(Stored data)
══════════

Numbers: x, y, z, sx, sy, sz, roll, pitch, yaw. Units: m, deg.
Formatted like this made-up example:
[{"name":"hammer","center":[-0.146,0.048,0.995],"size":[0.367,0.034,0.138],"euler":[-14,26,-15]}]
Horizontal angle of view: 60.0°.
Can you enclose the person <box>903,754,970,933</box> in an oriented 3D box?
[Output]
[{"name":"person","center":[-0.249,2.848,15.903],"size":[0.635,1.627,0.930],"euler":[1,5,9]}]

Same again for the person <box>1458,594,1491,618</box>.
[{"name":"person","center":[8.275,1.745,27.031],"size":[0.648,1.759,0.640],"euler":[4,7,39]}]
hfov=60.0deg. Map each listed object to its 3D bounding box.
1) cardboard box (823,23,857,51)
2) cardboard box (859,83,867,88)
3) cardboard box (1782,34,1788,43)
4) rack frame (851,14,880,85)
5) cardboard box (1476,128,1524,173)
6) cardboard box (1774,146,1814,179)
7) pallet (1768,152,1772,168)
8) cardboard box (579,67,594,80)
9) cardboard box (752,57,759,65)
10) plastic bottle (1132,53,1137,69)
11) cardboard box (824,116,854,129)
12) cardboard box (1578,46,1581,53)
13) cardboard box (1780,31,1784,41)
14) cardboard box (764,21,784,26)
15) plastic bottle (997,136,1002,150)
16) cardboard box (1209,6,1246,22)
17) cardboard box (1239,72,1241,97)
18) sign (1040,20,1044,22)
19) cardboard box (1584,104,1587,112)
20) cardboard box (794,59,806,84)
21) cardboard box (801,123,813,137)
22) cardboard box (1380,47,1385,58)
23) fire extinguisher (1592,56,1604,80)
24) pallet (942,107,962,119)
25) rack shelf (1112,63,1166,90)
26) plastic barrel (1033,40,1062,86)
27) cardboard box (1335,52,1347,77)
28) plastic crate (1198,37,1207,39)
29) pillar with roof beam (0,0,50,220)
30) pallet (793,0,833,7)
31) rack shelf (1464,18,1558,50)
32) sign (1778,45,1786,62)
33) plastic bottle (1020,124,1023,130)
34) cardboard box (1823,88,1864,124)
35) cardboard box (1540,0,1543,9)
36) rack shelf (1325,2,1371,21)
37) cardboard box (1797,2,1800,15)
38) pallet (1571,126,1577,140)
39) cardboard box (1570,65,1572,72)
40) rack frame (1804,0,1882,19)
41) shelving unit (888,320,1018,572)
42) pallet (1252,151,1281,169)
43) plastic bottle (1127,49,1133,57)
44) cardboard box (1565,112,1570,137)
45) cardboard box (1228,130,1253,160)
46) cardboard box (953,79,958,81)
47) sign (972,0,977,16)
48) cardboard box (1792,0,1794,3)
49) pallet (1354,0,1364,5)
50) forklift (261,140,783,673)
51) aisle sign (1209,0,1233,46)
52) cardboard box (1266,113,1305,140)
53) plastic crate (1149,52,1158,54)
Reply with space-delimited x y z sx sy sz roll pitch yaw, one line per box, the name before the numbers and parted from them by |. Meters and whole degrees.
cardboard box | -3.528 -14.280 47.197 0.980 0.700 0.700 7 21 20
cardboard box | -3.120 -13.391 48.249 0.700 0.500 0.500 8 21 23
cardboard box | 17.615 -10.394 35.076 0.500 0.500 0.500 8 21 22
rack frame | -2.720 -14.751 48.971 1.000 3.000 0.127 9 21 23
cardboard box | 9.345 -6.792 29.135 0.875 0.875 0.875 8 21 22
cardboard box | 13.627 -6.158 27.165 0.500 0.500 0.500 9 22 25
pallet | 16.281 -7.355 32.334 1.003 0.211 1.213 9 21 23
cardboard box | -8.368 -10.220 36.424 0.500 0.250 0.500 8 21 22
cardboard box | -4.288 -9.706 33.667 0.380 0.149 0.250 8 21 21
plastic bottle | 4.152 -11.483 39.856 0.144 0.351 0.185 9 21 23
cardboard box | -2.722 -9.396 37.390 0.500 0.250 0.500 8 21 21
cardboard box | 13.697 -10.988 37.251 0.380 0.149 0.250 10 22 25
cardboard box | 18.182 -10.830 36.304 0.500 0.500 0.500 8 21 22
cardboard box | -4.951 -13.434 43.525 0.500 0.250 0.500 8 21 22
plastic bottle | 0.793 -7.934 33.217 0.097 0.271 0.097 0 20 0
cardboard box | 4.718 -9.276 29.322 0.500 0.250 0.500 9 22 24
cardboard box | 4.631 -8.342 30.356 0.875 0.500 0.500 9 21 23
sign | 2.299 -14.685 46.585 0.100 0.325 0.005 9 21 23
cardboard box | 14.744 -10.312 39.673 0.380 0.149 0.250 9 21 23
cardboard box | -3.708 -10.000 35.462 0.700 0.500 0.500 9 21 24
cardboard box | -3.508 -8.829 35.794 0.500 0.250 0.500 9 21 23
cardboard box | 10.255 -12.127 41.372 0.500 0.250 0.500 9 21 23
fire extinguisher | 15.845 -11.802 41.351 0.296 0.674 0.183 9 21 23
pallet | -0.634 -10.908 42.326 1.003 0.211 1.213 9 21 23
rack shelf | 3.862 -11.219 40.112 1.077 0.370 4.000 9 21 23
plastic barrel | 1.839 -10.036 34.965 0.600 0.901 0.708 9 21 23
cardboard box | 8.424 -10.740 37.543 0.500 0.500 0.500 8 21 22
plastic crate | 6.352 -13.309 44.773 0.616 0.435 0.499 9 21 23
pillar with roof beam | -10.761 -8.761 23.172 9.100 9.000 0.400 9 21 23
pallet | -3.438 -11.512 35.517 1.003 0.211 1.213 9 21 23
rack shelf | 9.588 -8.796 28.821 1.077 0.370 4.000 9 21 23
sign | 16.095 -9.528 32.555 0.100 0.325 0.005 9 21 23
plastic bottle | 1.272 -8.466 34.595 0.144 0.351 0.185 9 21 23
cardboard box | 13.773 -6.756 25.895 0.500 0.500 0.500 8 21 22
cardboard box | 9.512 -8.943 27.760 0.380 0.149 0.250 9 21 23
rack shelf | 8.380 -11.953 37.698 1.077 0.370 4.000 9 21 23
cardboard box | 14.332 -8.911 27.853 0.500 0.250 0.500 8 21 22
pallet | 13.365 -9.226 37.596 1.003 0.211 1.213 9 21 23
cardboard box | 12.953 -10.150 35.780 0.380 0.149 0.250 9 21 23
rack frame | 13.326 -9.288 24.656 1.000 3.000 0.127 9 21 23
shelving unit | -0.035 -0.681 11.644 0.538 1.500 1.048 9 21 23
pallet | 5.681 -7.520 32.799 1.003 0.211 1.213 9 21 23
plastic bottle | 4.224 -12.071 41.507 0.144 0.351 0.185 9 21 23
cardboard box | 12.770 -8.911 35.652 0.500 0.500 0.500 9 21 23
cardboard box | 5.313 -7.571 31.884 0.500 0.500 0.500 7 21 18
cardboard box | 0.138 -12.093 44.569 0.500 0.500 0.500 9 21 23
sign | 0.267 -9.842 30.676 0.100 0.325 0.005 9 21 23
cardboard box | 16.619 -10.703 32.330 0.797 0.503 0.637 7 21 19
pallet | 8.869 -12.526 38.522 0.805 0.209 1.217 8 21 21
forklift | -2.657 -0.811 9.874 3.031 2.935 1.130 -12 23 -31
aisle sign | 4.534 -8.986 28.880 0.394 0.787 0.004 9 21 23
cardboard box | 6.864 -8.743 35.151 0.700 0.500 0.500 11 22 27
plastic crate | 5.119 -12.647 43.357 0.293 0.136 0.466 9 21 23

══════════

▶ **Activity**:
Retype exactly the lines of the data above that fall between the line with "1) cardboard box (823,23,857,51)" and the line with "18) sign (1040,20,1044,22)", inclusive, and add nothing.

▶ **Answer for this exercise**:
1) cardboard box (823,23,857,51)
2) cardboard box (859,83,867,88)
3) cardboard box (1782,34,1788,43)
4) rack frame (851,14,880,85)
5) cardboard box (1476,128,1524,173)
6) cardboard box (1774,146,1814,179)
7) pallet (1768,152,1772,168)
8) cardboard box (579,67,594,80)
9) cardboard box (752,57,759,65)
10) plastic bottle (1132,53,1137,69)
11) cardboard box (824,116,854,129)
12) cardboard box (1578,46,1581,53)
13) cardboard box (1780,31,1784,41)
14) cardboard box (764,21,784,26)
15) plastic bottle (997,136,1002,150)
16) cardboard box (1209,6,1246,22)
17) cardboard box (1239,72,1241,97)
18) sign (1040,20,1044,22)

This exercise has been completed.